By: Susan Bloom
As students returned to the University of Utah in Salt Lake City in August 2012 to begin the fall session, they experienced more than just the usual round of new teachers and classes-they also found newly upgraded lighting in two large classrooms within the campus’s James Fletcher building. Thanks to a successful LED up -grade by Crescent Electric Supply and lighting rep agency DMA Total Lighting Concepts involving MaxLite LEDs and Lutron controls, the 30,000-student university enjoyed a welcome crash course in the benefits of energy efficiency, cost savings, and maintenance reductions.
Since the two rotunda classrooms in question each seated 200 students and hosted a variety of important lectures on a daily basis, the quality, energy efficiency, and ease of use of the lighting systems were of paramount importance to students, faculty, and especially University of Utah Construction Manager Craig Erickson. His electric shop was typically called on weekly to fix sockets or replace any of the rooms’ outdated 200W halogen recessed cans as they burned out.
This was a proposition made more difficult and time consuming not only by the classrooms’ sloped ceilings, which ranged in height from 10´ to 22´, but also because the school required the lighting upgrade to be completed quickly before the start of the new semester so as to avoid any disruption to classes or campus operations.
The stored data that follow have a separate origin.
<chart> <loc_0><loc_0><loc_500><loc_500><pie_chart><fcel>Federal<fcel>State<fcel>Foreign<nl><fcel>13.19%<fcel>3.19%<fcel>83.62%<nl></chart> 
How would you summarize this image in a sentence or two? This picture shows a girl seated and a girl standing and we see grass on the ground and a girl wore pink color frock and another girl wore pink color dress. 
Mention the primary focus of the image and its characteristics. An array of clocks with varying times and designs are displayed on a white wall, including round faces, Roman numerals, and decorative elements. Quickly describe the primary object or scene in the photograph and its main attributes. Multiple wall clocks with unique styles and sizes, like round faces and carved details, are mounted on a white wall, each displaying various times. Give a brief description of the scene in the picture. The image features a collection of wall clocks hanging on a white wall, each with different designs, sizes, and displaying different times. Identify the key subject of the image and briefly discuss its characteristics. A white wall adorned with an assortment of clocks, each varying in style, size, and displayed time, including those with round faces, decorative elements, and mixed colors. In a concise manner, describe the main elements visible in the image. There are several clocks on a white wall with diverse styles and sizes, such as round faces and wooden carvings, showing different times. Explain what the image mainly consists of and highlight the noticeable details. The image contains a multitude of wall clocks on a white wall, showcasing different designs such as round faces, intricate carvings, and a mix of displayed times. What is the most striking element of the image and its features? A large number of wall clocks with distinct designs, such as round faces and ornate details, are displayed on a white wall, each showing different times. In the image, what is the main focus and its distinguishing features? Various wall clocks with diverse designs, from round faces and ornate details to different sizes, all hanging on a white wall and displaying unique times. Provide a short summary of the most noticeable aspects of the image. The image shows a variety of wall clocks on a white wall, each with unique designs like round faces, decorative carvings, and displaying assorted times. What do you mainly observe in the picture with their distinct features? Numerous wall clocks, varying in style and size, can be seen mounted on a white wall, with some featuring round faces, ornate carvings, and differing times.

Working with MaxLite’s rep agency DMA Total Lighting Concepts and Crescent Electric’s Salt Lake City branch, the university replaced each of the two classrooms’ 40 halogen lights with low voltage switch relays and thirty-six 50W 2x2’ direct-lit LED flat-panel models with surface-mount kits from MaxLite.
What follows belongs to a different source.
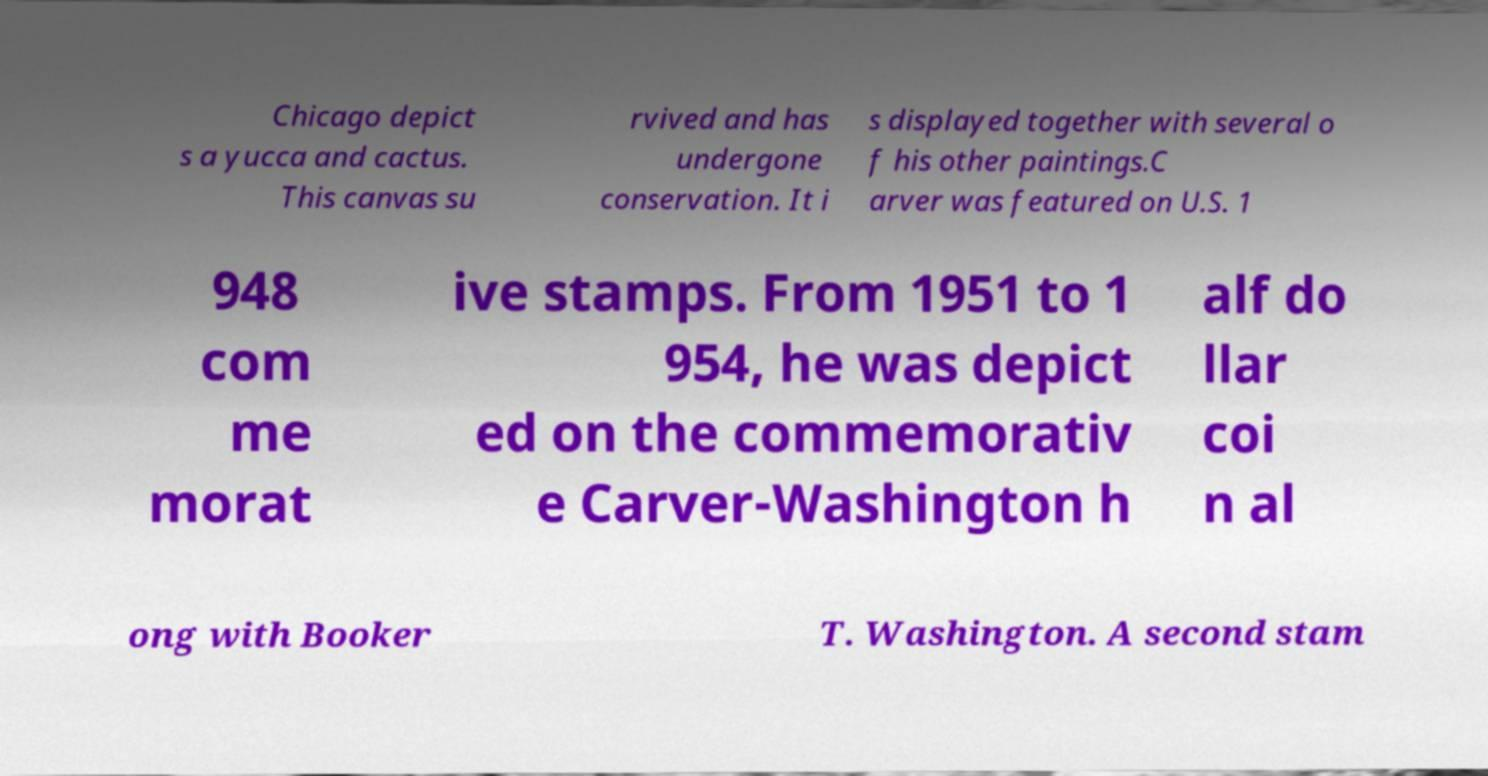Please identify and transcribe the text found in this image. Chicago depict s a yucca and cactus. This canvas su rvived and has undergone conservation. It i s displayed together with several o f his other paintings.C arver was featured on U.S. 1 948 com me morat ive stamps. From 1951 to 1 954, he was depict ed on the commemorativ e Carver-Washington h alf do llar coi n al ong with Booker T. Washington. A second stam

Additionally, twenty-three 11W PAR30 LED lamps with a spot beam angle were installed in front of each of the classrooms to help highlight the chalkboard. Both the fixtures and the lamps were dimmable and were installed with Lutron GRAFIK Eye lighting control units and occupancy sensors to drive additional energy savings, extend the life of the LEDs, and enable enhanced controllability.
Working jointly with DMA’s Bob Willardsen, “We developed lighting layouts and selected MaxLite LED fixtures based on the clean design of their flat-panel displays and their ability to work with the control system used,” said Gabriel Arzate, former account manager at Crescent Electric and current member of DMA’s outside sales specification team.
“We helped educate the university team and its contractors on the energy saving and maintenance-reducing benefits of LEDs as well as how to use controls with the LED panels. We were also diligent about managing the product orders to ensure they arrived on time given our tight timeline for completion.”
HIGH MARKS ALL AROUND
Compared to the outdated and inconsistent light cast by the previous halogen recessed can fixtures, the LED flat panels and PAR30s in 4100K and 3000K correlated color temperatures, respectively, provided high-quality general lighting throughout the classrooms. They also delivered over 70% greater efficiency than their predecessors—to the tune of a 690,100kWh reduction in energy consumption and $87,572 in energy and maintenance cost savings throughout the life of the LEDs—while producing twice the light.
Erickson was thrilled with the switch to LED technology, for both its financial and aesthetic benefits. “Thanks to the clarity and dimmability of the lights, students can now see more clearly and have an easier time taking notes from the overhead projectors,” he said.
“We wanted to go with LEDs mainly because they last longer, but even we were pleasantly surprised at how well they worked; everyone loves them,” Erickson shared. “In addition, Crescent and DMA were great to work with and provided outstanding support in identifying the optimal fixtures for our needs and designing a lighting layout that would ensure we had the right amount of light for the space. They were instrumental in encouraging us to consider LEDs as an option in the first place, and now we definitely plan to use MaxLite products again and make this lighting our standard across campus wherever we can.”
Since upgrading two additional classrooms and several other locations across campus with LEDs, “I feel that LEDs are the future and that their higher up-front cost is worth the investment when you consider the maintenance cost reductions along with the energy savings,” Erickson said.
For his part, Arzate couldn’t be happier for the University of Utah or for the future of the positive, seven-year partnership Crescent Electric has had with the renowned school. “Since upgrading to LEDs and raising the classrooms’ CRI to 85+, the seats, the chalkboard, and the colors of the brick can be seen much more sharply,” he noted. “At Crescent Electric, our specialty is to have what our customers want, where and when they want it. Now, in addition to the energy, cost, and maintenance savings, this 1980s classroom has truly become an inviting environment and a great place to learn.”